The mass of a spherical ball varies as the cube of the radius and inversely as the surface area . when the radius is 14, area =821 , the mass is 59.4
Find
(A) the equation connecting the relationship
(B) mass when Area = 1018 , radius = 9cm
Let's start by defining the variables:
m = mass
r = radius
A = surface area
Since the mass varies as the cube of the radius, we can write the equation as: m = kr^3. (Equation 1)
Since the mass varies inversely as the surface area, we can write the equation as: m = k/A. (Equation 2)
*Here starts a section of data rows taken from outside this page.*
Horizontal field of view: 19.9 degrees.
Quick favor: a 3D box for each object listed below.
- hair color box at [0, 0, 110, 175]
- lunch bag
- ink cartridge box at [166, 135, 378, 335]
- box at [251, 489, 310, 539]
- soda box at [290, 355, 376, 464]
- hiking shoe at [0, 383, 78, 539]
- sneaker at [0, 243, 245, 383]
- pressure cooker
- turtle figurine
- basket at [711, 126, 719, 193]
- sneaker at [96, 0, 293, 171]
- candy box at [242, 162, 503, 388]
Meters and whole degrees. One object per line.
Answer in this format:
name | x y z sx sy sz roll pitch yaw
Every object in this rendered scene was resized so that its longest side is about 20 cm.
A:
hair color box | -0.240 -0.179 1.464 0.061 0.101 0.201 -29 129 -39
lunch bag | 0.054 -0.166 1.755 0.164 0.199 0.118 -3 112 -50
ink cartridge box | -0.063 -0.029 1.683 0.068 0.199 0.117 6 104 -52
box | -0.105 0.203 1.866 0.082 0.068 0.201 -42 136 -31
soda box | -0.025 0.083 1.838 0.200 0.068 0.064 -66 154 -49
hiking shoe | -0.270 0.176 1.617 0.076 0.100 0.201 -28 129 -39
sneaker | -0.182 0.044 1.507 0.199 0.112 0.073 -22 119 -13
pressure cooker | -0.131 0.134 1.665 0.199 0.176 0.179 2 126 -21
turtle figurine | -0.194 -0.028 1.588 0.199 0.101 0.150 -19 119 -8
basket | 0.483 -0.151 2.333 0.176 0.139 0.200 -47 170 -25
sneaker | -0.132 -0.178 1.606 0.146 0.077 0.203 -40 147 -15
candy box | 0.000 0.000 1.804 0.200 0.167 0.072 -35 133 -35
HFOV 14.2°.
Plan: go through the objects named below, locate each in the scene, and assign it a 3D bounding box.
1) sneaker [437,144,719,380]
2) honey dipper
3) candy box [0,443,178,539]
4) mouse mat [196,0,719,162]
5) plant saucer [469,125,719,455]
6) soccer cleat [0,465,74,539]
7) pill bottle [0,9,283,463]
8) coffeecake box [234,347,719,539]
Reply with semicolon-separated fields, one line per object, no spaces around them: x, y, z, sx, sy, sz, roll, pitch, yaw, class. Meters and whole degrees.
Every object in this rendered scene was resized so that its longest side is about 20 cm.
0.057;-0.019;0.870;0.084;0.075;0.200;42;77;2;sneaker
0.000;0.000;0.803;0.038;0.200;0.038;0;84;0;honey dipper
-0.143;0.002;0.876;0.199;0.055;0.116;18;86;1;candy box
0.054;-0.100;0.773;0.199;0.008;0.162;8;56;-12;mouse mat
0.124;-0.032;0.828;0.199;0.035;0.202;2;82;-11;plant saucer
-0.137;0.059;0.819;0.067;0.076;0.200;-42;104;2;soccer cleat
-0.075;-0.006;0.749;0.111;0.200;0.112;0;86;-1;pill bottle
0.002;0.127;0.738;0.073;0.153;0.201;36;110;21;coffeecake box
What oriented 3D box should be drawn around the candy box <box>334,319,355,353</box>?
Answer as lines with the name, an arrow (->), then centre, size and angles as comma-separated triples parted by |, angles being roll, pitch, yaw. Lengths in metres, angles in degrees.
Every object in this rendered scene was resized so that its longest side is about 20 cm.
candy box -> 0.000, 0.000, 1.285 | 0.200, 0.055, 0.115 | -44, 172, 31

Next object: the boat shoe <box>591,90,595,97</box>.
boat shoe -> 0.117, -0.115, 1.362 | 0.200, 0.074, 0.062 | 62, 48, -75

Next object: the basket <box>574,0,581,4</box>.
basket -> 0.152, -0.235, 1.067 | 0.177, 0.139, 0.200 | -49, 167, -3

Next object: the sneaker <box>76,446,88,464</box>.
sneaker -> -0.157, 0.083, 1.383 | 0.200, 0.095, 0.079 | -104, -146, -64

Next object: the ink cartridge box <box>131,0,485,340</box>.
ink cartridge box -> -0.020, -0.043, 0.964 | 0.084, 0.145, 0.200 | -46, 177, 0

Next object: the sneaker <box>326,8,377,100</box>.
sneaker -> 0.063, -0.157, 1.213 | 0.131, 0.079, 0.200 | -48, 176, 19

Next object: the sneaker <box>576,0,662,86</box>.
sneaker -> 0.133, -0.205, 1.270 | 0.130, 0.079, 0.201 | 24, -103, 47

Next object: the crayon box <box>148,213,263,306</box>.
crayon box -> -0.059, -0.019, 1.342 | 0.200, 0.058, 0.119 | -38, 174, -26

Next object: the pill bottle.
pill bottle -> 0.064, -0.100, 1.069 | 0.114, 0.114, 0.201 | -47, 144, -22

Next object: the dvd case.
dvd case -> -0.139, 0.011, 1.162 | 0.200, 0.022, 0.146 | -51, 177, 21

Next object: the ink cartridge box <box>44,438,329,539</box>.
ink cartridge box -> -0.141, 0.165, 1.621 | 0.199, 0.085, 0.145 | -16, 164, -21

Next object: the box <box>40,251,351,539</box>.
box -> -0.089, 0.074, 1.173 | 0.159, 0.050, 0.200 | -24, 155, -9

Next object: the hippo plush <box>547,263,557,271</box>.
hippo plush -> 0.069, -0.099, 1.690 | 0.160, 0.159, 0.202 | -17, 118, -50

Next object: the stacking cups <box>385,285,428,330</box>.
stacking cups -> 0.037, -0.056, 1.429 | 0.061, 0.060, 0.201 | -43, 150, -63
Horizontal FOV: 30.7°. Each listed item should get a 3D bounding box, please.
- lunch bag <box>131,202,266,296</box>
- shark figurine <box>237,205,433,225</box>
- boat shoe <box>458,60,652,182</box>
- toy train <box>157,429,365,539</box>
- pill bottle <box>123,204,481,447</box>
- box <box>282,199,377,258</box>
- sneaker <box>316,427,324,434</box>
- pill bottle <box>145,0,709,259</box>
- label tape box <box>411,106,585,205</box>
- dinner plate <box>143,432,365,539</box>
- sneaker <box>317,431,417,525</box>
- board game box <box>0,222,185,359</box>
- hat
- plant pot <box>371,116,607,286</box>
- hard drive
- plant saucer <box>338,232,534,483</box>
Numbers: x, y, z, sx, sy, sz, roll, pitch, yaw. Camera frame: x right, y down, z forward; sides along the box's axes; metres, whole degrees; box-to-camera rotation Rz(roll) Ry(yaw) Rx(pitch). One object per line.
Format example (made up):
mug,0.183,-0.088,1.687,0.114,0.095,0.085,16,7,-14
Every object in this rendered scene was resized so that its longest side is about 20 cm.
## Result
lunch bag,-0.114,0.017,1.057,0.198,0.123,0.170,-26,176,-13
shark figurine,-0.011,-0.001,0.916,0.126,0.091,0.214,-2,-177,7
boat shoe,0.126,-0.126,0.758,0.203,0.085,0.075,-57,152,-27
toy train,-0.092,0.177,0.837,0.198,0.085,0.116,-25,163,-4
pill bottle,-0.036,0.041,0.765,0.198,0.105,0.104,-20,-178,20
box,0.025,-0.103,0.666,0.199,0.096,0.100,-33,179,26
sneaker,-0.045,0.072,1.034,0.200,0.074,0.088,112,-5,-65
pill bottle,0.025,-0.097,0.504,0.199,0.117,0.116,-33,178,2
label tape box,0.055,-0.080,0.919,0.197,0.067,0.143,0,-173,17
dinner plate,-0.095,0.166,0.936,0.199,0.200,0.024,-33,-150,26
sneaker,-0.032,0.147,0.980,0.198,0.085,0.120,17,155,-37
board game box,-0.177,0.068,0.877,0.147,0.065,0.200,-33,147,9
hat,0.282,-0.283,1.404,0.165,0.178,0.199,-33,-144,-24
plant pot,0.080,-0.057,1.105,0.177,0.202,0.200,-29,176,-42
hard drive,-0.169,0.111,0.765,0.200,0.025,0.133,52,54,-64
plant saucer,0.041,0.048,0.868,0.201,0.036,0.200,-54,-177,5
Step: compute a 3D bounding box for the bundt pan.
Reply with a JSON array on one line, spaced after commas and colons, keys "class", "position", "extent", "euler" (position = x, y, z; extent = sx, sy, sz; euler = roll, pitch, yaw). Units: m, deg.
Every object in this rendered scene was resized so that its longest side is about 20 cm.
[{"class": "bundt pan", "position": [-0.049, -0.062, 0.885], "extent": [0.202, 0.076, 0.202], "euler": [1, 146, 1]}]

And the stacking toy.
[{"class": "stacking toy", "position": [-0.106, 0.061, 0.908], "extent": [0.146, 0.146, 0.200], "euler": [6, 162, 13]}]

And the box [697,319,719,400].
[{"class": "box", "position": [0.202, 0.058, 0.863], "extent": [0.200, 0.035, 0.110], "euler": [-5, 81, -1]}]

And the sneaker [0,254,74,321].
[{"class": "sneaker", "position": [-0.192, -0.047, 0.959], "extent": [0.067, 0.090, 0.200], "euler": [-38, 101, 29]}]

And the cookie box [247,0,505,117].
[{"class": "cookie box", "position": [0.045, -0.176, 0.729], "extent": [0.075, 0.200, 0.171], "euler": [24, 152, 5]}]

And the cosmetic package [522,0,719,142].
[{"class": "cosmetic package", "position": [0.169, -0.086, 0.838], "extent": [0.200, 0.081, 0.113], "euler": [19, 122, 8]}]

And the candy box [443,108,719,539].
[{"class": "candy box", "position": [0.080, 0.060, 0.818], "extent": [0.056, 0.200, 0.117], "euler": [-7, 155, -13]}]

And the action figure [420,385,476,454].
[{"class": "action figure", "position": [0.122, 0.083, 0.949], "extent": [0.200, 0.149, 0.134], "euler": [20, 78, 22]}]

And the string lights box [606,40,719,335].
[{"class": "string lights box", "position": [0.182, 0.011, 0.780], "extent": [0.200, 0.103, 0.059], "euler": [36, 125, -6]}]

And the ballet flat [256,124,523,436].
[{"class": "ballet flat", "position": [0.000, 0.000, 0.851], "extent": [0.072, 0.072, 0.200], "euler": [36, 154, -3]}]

Given that when the radius is 14, the area is 821 and the mass is 59.4, we can substitute these values into the equations to find the value of k.
From Equation 1:
59.4 = k * 14^3
59.4 = k * 2744
k = 59.4/2744
k ≈ 0.02165414
From Equation 2:
59.4 = 0.02165414/A
Now, let's find the equation connecting the relationship between mass (m), radius (r), and surface area (A).
From Equation 1, we know that m = kr^3. We can solve this equation for r^3:
r^3 = m/k. (Equation 3)
From Equation 2, we know that m = k/A. We can solve this equation for A:
A = k/m. (Equation 4)
Since we need an equation connecting mass, radius, and surface area, we can substitute Equation 4 into Equation 3:
r^3 = (k/m) * m
r^3 = k
Therefore, the equation connecting the relationship is r^3 = k.
Now, let's calculate the mass when the area is 1018 and the radius is 9cm.
From Equation 4:
A = k/m
1018 = 0.02165414/m
Now let's solve for m:
m = 0.02165414/1018
m ≈ 0.0000213 kg
So, the mass when the area is 1018 and the radius is 9cm is approximately 0.0000213 kg.